Context-Inappropriate Capability

High
Confidence
97% confidence
Finding
Executing an external notification script is not necessary for restoring context and introduces an unjustified execution primitive. In the skill context, this is more dangerous because it can trigger automatically after detecting context changes, meaning a benign-seeming restore action can lead to running extra code outside the reviewed file.

Context-Inappropriate Capability

High
Confidence
96% confidence
Finding
The code can generate executable shell scripts, chmod them, and prepare cron automation, which gives the skill persistence-oriented behavior unrelated to simple context restoration. In this skill context that mismatch is significant, because users may grant trust for reading context files but not for installing recurring jobs or executable artifacts.

Context-Inappropriate Capability

Medium
Confidence
84% confidence
Finding
The module imports and uses external project-progress sources, so the summary output is no longer derived solely from the supplied compressed context file. That broadens data access beyond the declared purpose and may leak unrelated project state or filesystem-derived information when a user only intended to restore a conversation snapshot.

Description-Behavior Mismatch

Medium
Confidence
93% confidence
Finding
The tests demonstrate support for cron-job installation and notification integration, which expands the skill from passive context restoration into persistence and system-level automation. In an agent skill, scheduled execution and notifications increase the attack surface because they can enable repeated autonomous actions, unexpected background behavior, or covert signaling beyond the user’s immediate request.

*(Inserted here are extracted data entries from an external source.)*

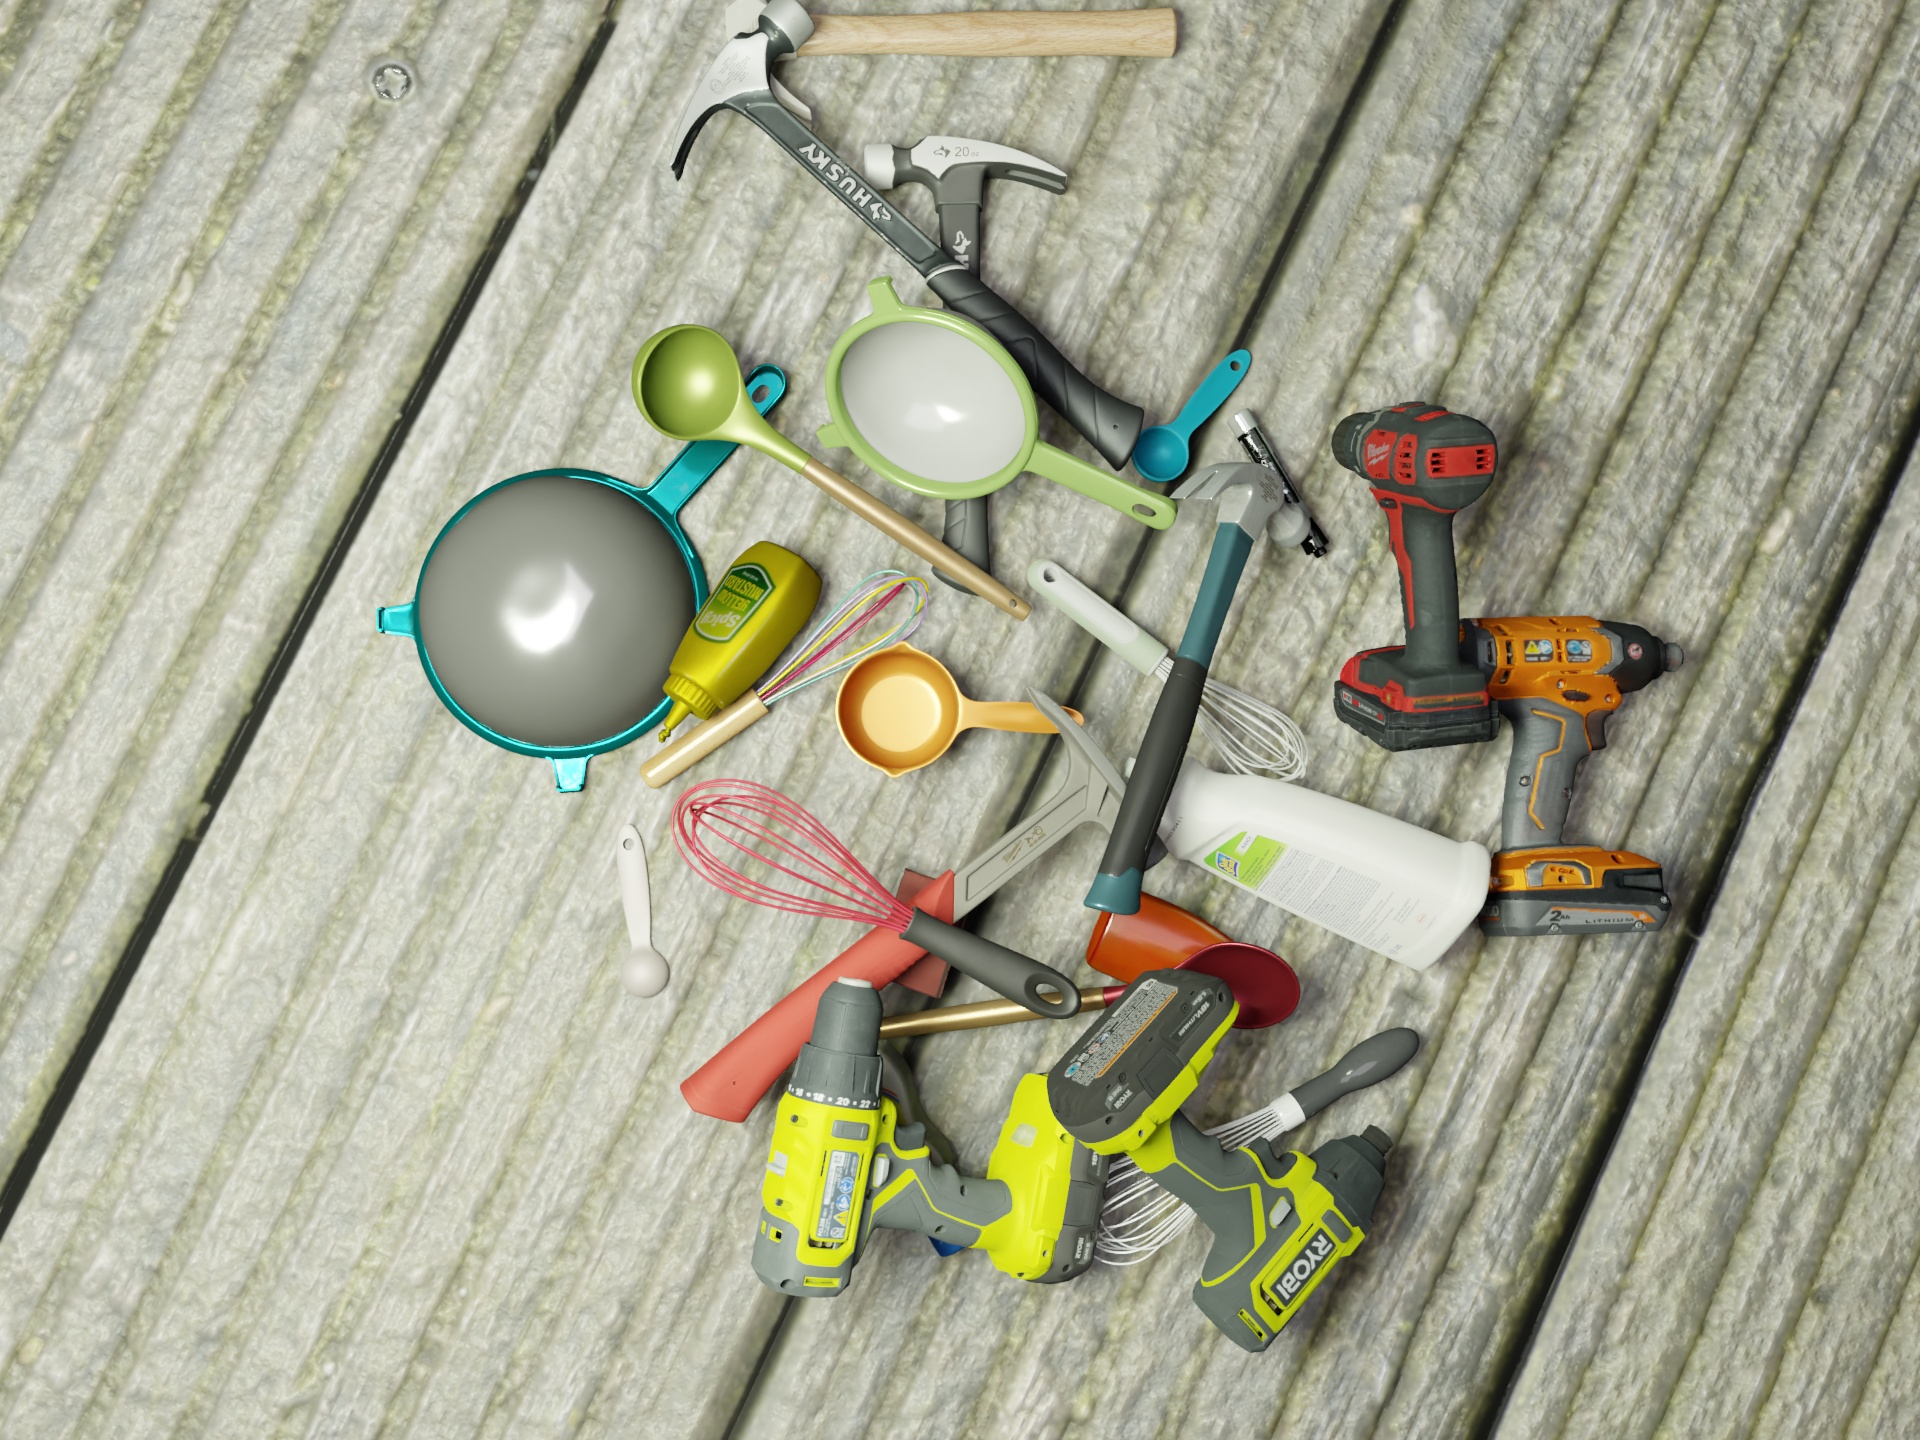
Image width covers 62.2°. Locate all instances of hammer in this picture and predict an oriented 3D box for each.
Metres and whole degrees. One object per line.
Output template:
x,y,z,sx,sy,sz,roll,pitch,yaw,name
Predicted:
-0.041,0.137,1.069,0.359,0.036,0.149,-37,89,-6,hammer
-0.006,-0.503,1.171,0.331,0.031,0.130,-1,86,-2,hammer
0.152,-0.024,1.066,0.033,0.128,0.331,8,72,42,hammer
0.007,-0.256,1.153,0.146,0.035,0.335,-1,86,-1,hammer
-0.028,-0.324,1.122,0.409,0.036,0.149,43,88,2,hammer

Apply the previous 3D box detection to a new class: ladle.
-0.084,-0.162,1.094,0.320,0.062,0.078,34,89,-5,ladle
0.075,0.197,1.102,0.315,0.031,0.069,-9,110,10,ladle

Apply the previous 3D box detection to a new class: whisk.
0.147,-0.037,1.137,0.246,0.059,0.058,38,74,6,whisk
-0.126,-0.030,1.130,0.245,0.047,0.051,-35,89,-1,whisk
0.202,0.291,1.114,0.284,0.070,0.070,-28,87,-9,whisk
-0.051,0.121,1.025,0.295,0.073,0.073,28,86,-8,whisk

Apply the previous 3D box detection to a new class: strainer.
0.036,-0.207,1.084,0.256,0.151,0.069,25,50,-3,strainer
-0.242,-0.127,1.105,0.211,0.095,0.340,42,87,1,strainer

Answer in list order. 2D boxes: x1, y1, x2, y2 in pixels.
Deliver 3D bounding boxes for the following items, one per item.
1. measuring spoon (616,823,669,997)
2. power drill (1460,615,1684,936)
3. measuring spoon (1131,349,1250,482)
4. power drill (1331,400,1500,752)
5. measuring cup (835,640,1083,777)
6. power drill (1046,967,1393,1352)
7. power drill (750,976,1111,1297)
-0.230,0.135,1.126,0.034,0.018,0.124,-8,86,-2,measuring spoon
0.437,0.037,1.126,0.164,0.084,0.226,-2,82,-3,power drill
0.171,-0.223,1.168,0.042,0.021,0.128,40,77,2,measuring spoon
0.305,-0.107,1.102,0.080,0.188,0.226,-6,105,-7,power drill
-0.002,-0.004,1.127,0.173,0.052,0.095,4,86,-4,measuring cup
0.177,0.276,1.044,0.171,0.080,0.223,-44,103,-16,power drill
-0.016,0.275,1.035,0.228,0.080,0.190,15,81,-29,power drill
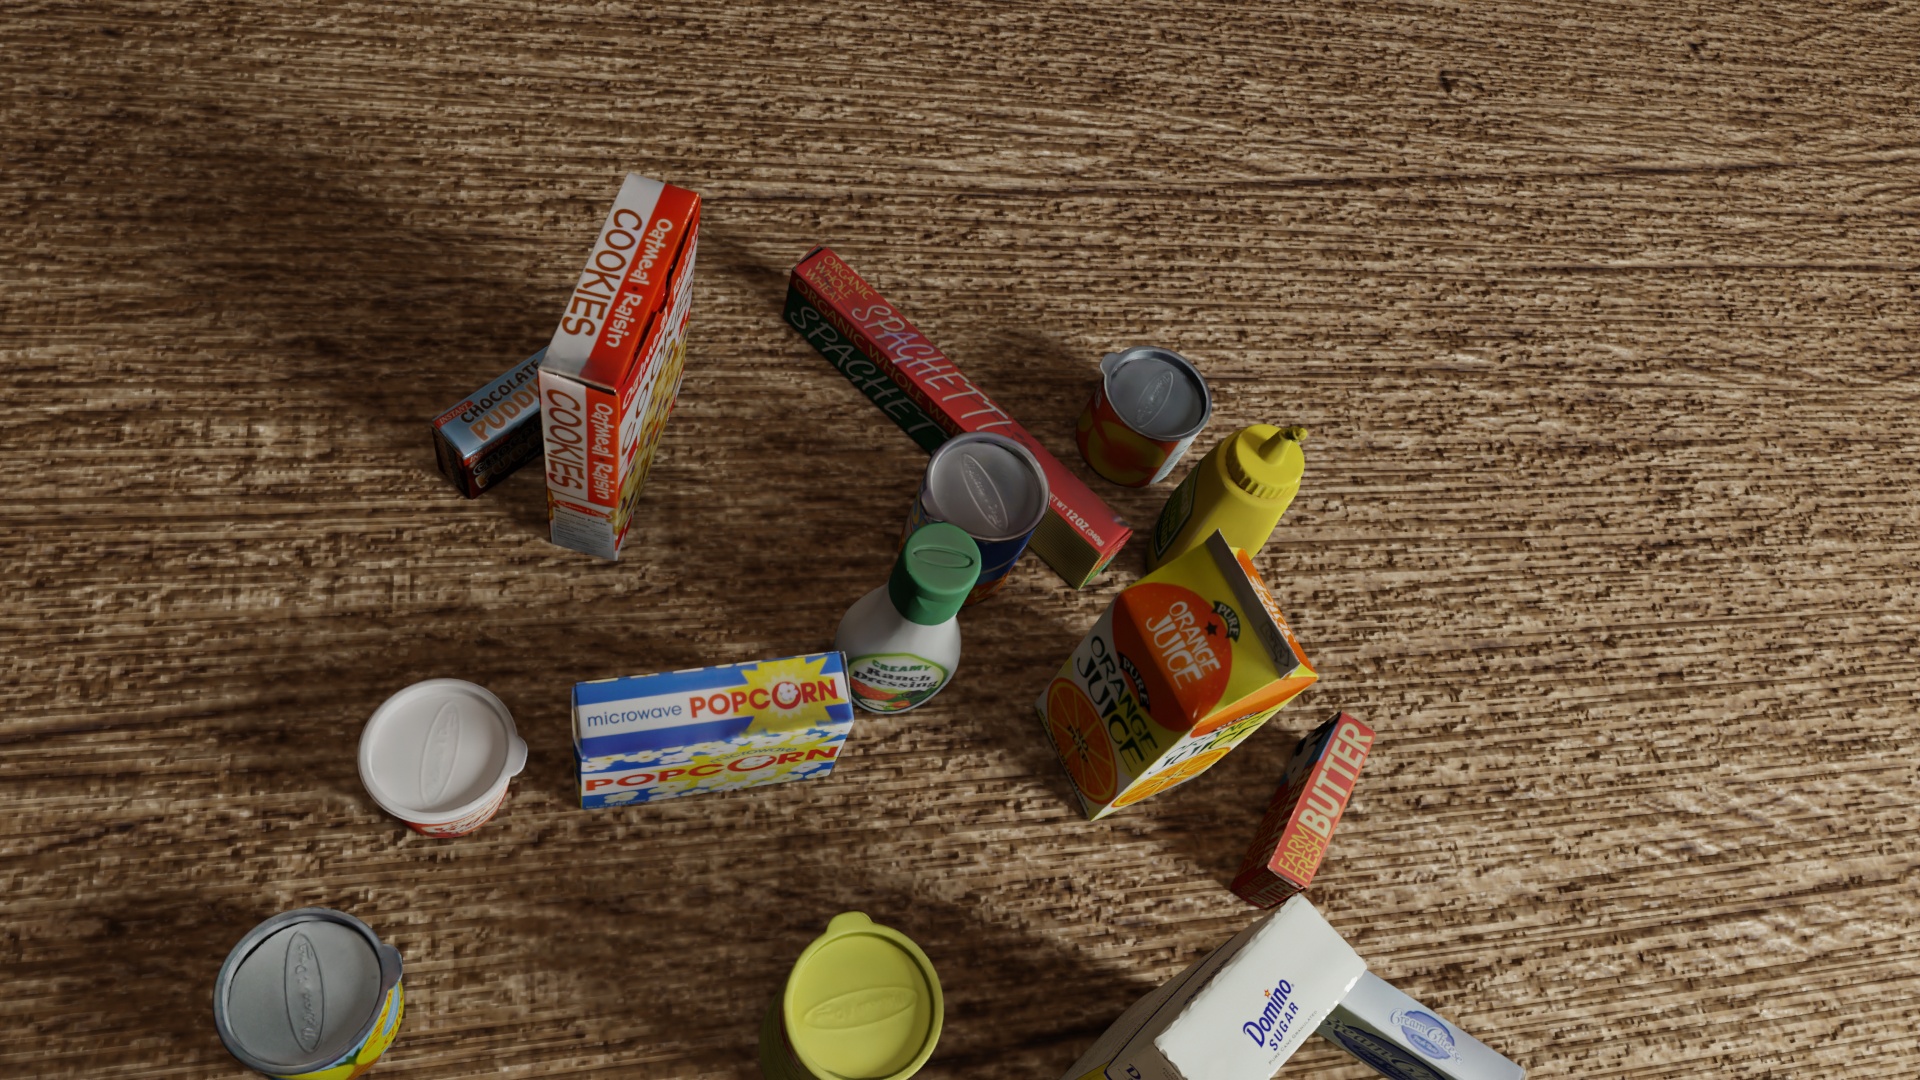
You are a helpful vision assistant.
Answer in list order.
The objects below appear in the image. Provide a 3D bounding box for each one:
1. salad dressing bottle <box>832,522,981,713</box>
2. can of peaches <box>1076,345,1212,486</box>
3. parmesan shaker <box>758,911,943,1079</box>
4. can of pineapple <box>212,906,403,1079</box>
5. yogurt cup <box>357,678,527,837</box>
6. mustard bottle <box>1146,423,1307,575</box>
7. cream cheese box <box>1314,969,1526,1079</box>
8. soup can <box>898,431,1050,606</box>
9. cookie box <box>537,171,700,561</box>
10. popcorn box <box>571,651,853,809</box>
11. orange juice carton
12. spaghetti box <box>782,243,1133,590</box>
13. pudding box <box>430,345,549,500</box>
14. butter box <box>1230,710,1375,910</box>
[{"bbox_3d":[-0.025,0.040,0.681,0.064,0.147,0.044,9,61,-10],"label":"salad dressing bottle"},{"bbox_3d":[0.106,-0.075,0.830,0.071,0.057,0.071,6,61,-11],"label":"can of peaches"},{"bbox_3d":[-0.051,0.210,0.609,0.071,0.102,0.071,6,61,-11],"label":"parmesan shaker"},{"bbox_3d":[-0.271,0.194,0.586,0.071,0.057,0.071,6,61,-11],"label":"can of pineapple"},{"bbox_3d":[-0.240,0.105,0.645,0.072,0.053,0.073,6,61,-11],"label":"yogurt cup"},{"bbox_3d":[0.148,-0.023,0.753,0.049,0.159,0.065,18,60,-5],"label":"mustard bottle"},{"bbox_3d":[0.218,0.247,0.688,0.104,0.053,0.024,32,60,3],"label":"cream cheese box"},{"bbox_3d":[0.003,-0.009,0.752,0.071,0.083,0.071,6,61,-11],"label":"soup can"},{"bbox_3d":[-0.170,-0.082,0.697,0.040,0.166,0.123,16,60,-6],"label":"cookie box"},{"bbox_3d":[-0.120,0.092,0.665,0.127,0.084,0.038,-6,64,-17],"label":"popcorn box"},{"bbox_3d":[0.106,0.066,0.675,0.073,0.191,0.072,-17,68,-22],"label":"orange juice carton"},{"bbox_3d":[-0.007,-0.072,0.803,0.250,0.050,0.029,43,61,10],"label":"spaghetti box"},{"bbox_3d":[-0.237,-0.064,0.739,0.030,0.049,0.084,44,61,10],"label":"pudding box"},{"bbox_3d":[0.181,0.143,0.735,0.024,0.053,0.104,33,59,4],"label":"butter box"}]

Context-Inappropriate Capability

High
Confidence
96% confidence
Finding
Installing cron jobs is a persistence mechanism and is not justified by a skill whose stated purpose is restoring conversation context. Even if intended for convenience, this capability can be abused to execute the skill repeatedly without clear user awareness, turning a simple utility into a background task with ongoing system access.

Vague Triggers

Medium
Confidence
83% confidence
Finding
The example trigger phrase "继续之前的工作" is broad natural language that can easily occur in ordinary conversation, so a host system may invoke this skill when the user did not explicitly intend to restore prior context. In a skill that reads saved context and surfaces project/task history, accidental invocation can expose sensitive prior-session information or cause unexpected context mixing.

Missing User Warnings

Medium
Confidence
92% confidence
Finding
The description advertises reading compressed context files, timeline review, monitoring, and change detection, but does not present any user-facing warning about privacy, data sensitivity, retention, or where the context is sourced from. Because context files may contain prior prompts, project details, credentials, or personal data, users may enable the feature without understanding that historical conversation content is being read and surfaced.

Vague Triggers

Medium
Confidence
94% confidence
Finding
The article presents broad natural-language triggers such as "continue previous work" and "what was I doing?" that can easily appear in ordinary conversation. If the platform binds these phrases directly to skill activation, the skill may restore sensitive prior context unexpectedly, exposing project details or conversation history without a deliberate user action.

Vague Triggers

Medium
Confidence
89% confidence
Finding
The text says the skill "automatically reads compressed context files and restores your work state in seconds" without defining when that automation occurs or what user consent is required. Ambiguous automatic behavior is risky for a context-restoration skill because it may cause unintended access to prior session data in situations where the user only asked a general question.

Missing User Warnings

Medium
Confidence
96% confidence
Finding
The description emphasizes convenience but does not warn users that restoring context may reveal prior conversation content, tasks, project names, and operational history. In this skill's context, the omission is significant because the core function is retrieving potentially sensitive historical data, so users may not appreciate the privacy and confidentiality implications.

VirusTotal

66/66 vendors flagged this skill as clean.